• Your instructions:
The answer must be an exact copy of the records, with every picture removed.
================
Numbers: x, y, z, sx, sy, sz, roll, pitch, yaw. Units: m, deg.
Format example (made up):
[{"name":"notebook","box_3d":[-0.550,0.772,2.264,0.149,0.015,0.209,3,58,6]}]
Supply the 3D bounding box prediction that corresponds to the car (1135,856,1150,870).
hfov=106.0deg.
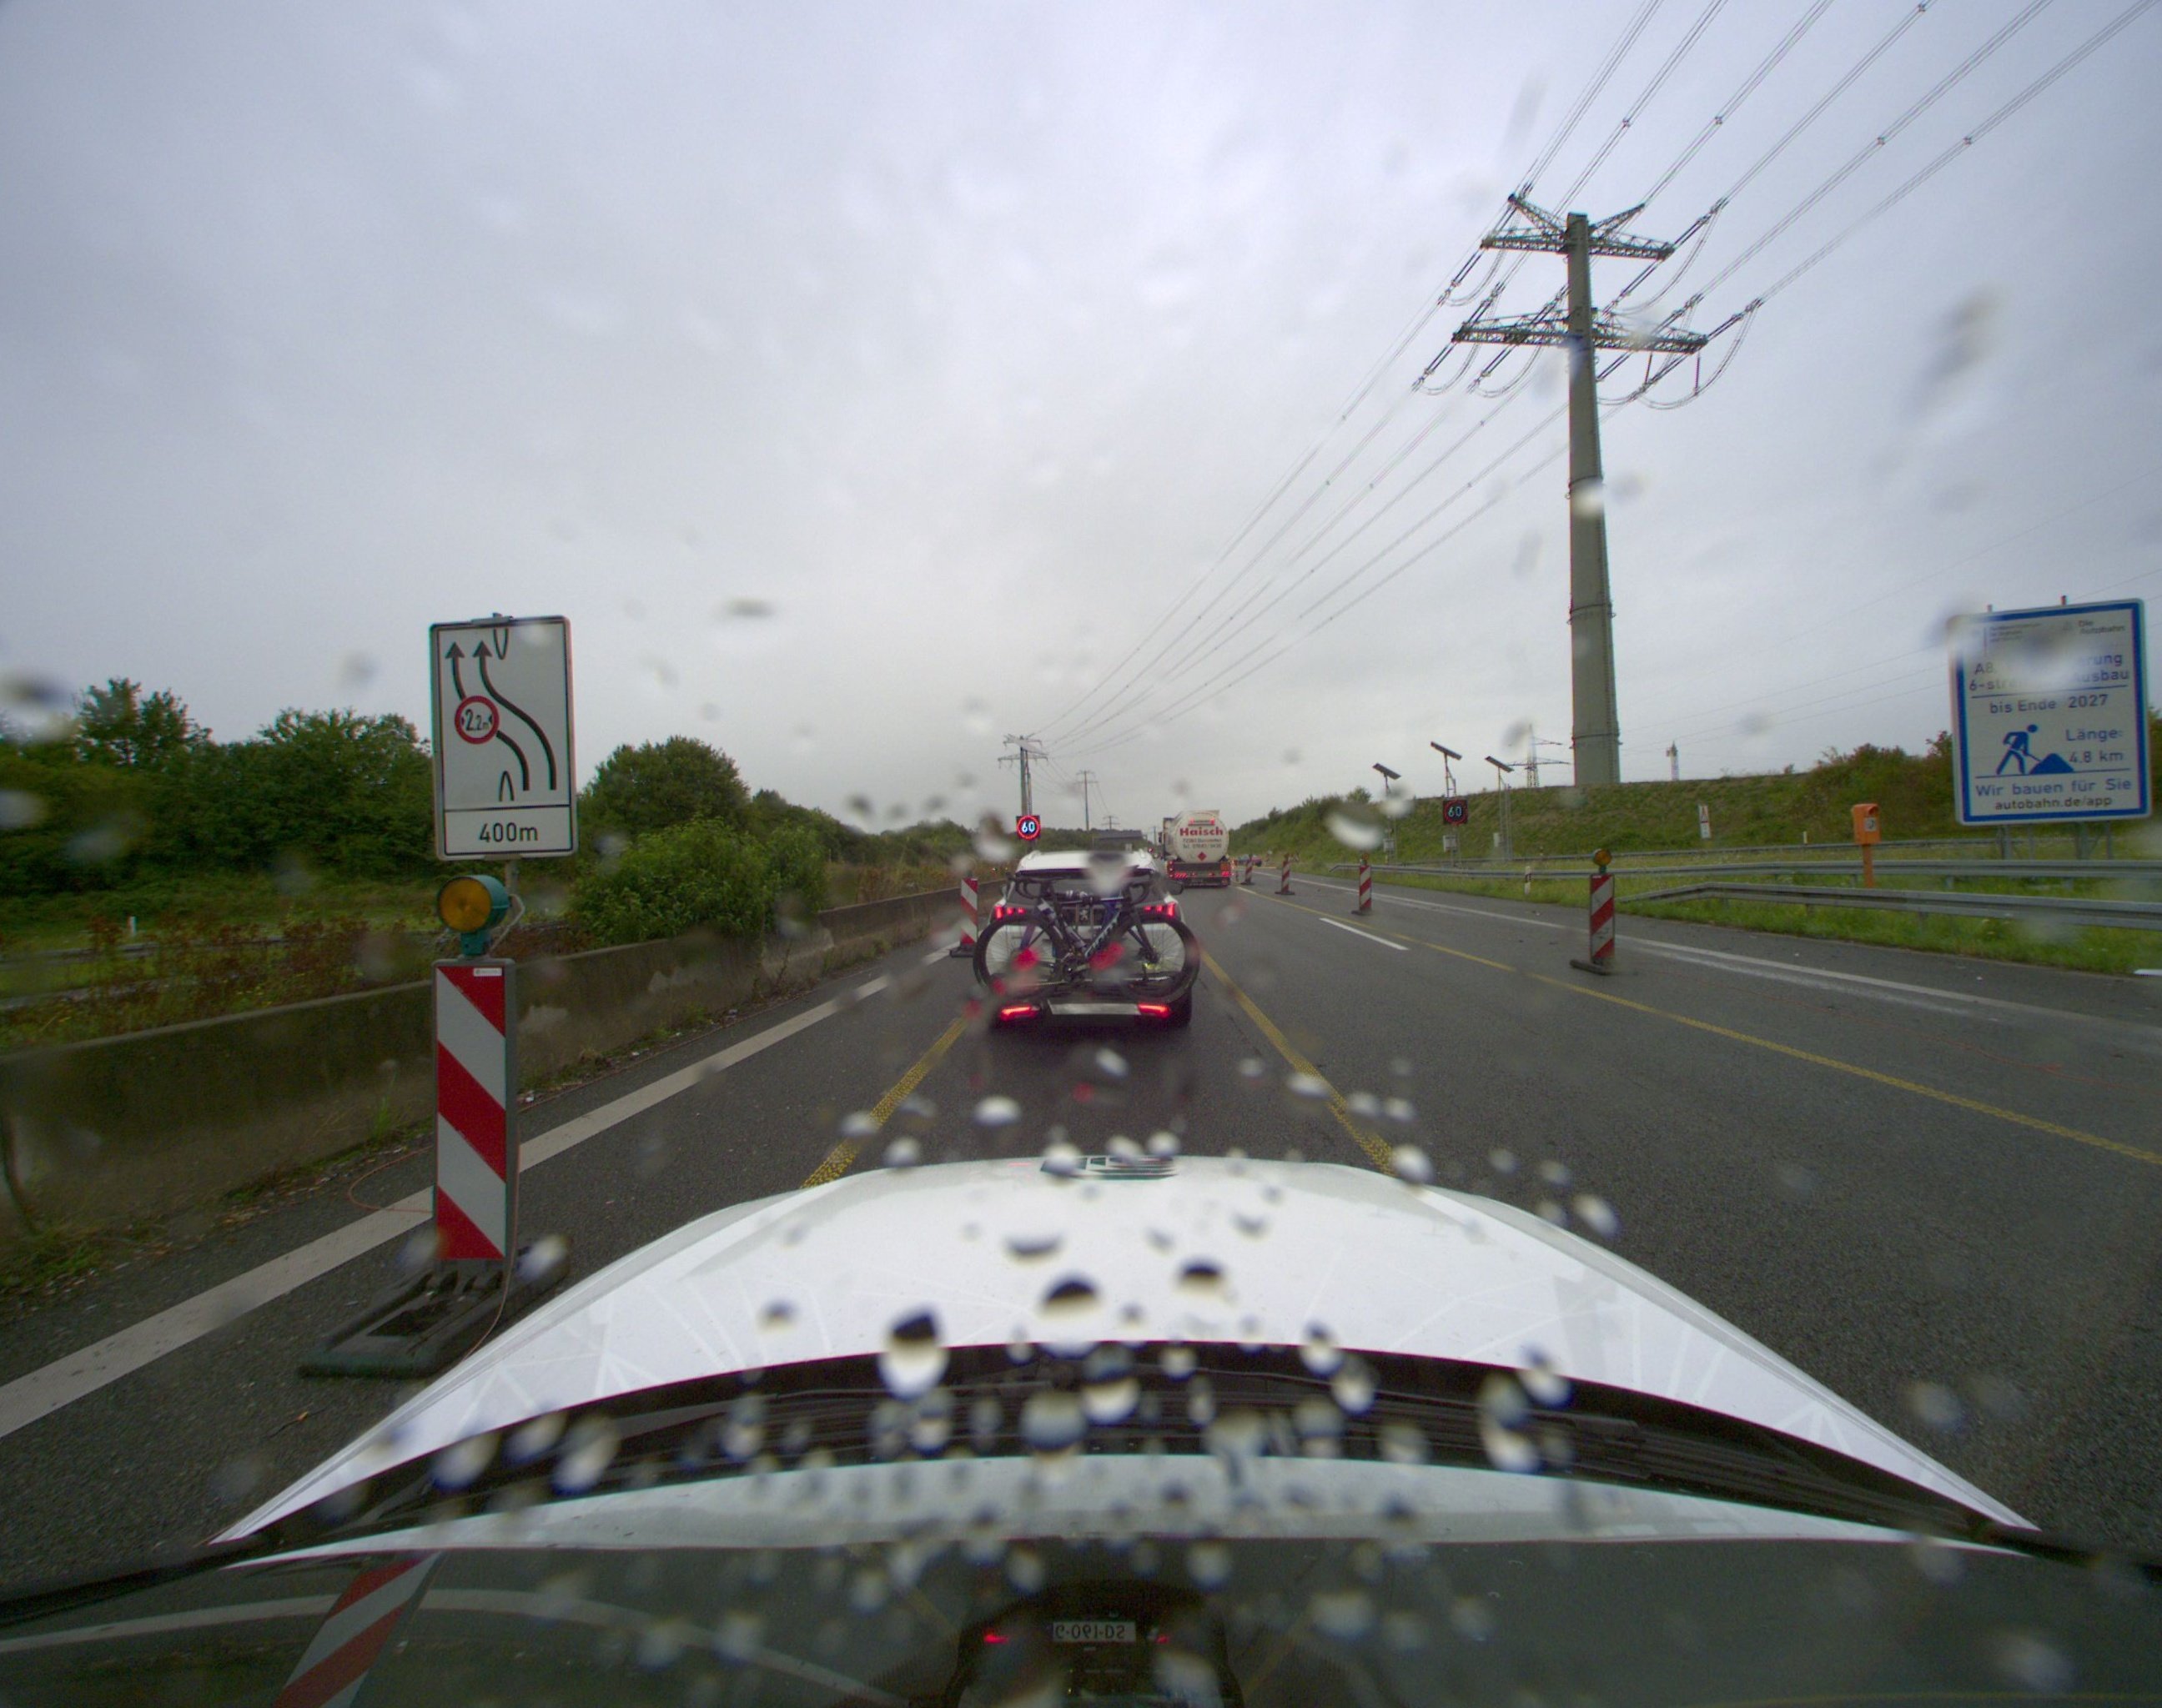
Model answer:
[{"name":"car","box_3d":[9.169,1.316,121.219,1.986,2.014,4.001,0,-1,2]}]

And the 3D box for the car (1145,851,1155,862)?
[{"name":"car","box_3d":[12.655,0.463,149.211,1.645,2.013,4.007,-1,0,6]}]

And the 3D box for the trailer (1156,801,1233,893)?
[{"name":"trailer","box_3d":[5.293,-0.225,39.885,2.628,3.893,10.547,0,-1,2]}]

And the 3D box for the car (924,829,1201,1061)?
[{"name":"car","box_3d":[0.032,0.643,8.000,1.919,1.611,4.600,-1,0,4]}]

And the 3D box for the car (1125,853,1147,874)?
[{"name":"car","box_3d":[5.318,0.906,78.830,1.986,2.014,4.001,0,-1,2]}]

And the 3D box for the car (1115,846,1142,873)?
[{"name":"car","box_3d":[3.750,0.387,65.233,1.986,2.013,4.002,-3,0,2]}]

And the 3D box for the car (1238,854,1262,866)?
[{"name":"car","box_3d":[18.070,0.638,87.314,1.480,1.161,3.901,-3,-1,-4]}]

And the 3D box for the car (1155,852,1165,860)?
[{"name":"car","box_3d":[18.744,0.456,193.095,1.986,2.014,4.001,0,-1,2]}]

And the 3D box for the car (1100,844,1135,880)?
[{"name":"car","box_3d":[2.199,0.447,49.968,1.986,2.013,4.002,-3,0,2]}]

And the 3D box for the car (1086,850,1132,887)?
[{"name":"car","box_3d":[1.306,0.641,37.613,1.986,1.584,4.002,-1,0,2]}]

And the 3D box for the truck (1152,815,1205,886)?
[{"name":"truck","box_3d":[5.503,-0.158,46.573,2.635,3.891,4.031,0,-1,2]}]

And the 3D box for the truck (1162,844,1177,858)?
[{"name":"truck","box_3d":[25.664,-0.884,236.341,3.715,3.823,11.879,-1,-1,4]}]
================
• Answer to this problem:
Numbers: x, y, z, sx, sy, sz, roll, pitch, yaw. Units: m, deg.
Format example (made up):
[{"name":"notebook","box_3d":[-0.550,0.772,2.264,0.149,0.015,0.209,3,58,6]}]
Supply the 3D bounding box prediction that corresponds to the car (1135,856,1150,870).
hfov=106.0deg.
Model answer:
[{"name":"car","box_3d":[9.169,1.316,121.219,1.986,2.014,4.001,0,-1,2]}]

And the 3D box for the car (1145,851,1155,862)?
[{"name":"car","box_3d":[12.655,0.463,149.211,1.645,2.013,4.007,-1,0,6]}]

And the 3D box for the trailer (1156,801,1233,893)?
[{"name":"trailer","box_3d":[5.293,-0.225,39.885,2.628,3.893,10.547,0,-1,2]}]

And the 3D box for the car (924,829,1201,1061)?
[{"name":"car","box_3d":[0.032,0.643,8.000,1.919,1.611,4.600,-1,0,4]}]

And the 3D box for the car (1125,853,1147,874)?
[{"name":"car","box_3d":[5.318,0.906,78.830,1.986,2.014,4.001,0,-1,2]}]

And the 3D box for the car (1115,846,1142,873)?
[{"name":"car","box_3d":[3.750,0.387,65.233,1.986,2.013,4.002,-3,0,2]}]

And the 3D box for the car (1238,854,1262,866)?
[{"name":"car","box_3d":[18.070,0.638,87.314,1.480,1.161,3.901,-3,-1,-4]}]

And the 3D box for the car (1155,852,1165,860)?
[{"name":"car","box_3d":[18.744,0.456,193.095,1.986,2.014,4.001,0,-1,2]}]

And the 3D box for the car (1100,844,1135,880)?
[{"name":"car","box_3d":[2.199,0.447,49.968,1.986,2.013,4.002,-3,0,2]}]

And the 3D box for the car (1086,850,1132,887)?
[{"name":"car","box_3d":[1.306,0.641,37.613,1.986,1.584,4.002,-1,0,2]}]

And the 3D box for the truck (1152,815,1205,886)?
[{"name":"truck","box_3d":[5.503,-0.158,46.573,2.635,3.891,4.031,0,-1,2]}]

And the 3D box for the truck (1162,844,1177,858)?
[{"name":"truck","box_3d":[25.664,-0.884,236.341,3.715,3.823,11.879,-1,-1,4]}]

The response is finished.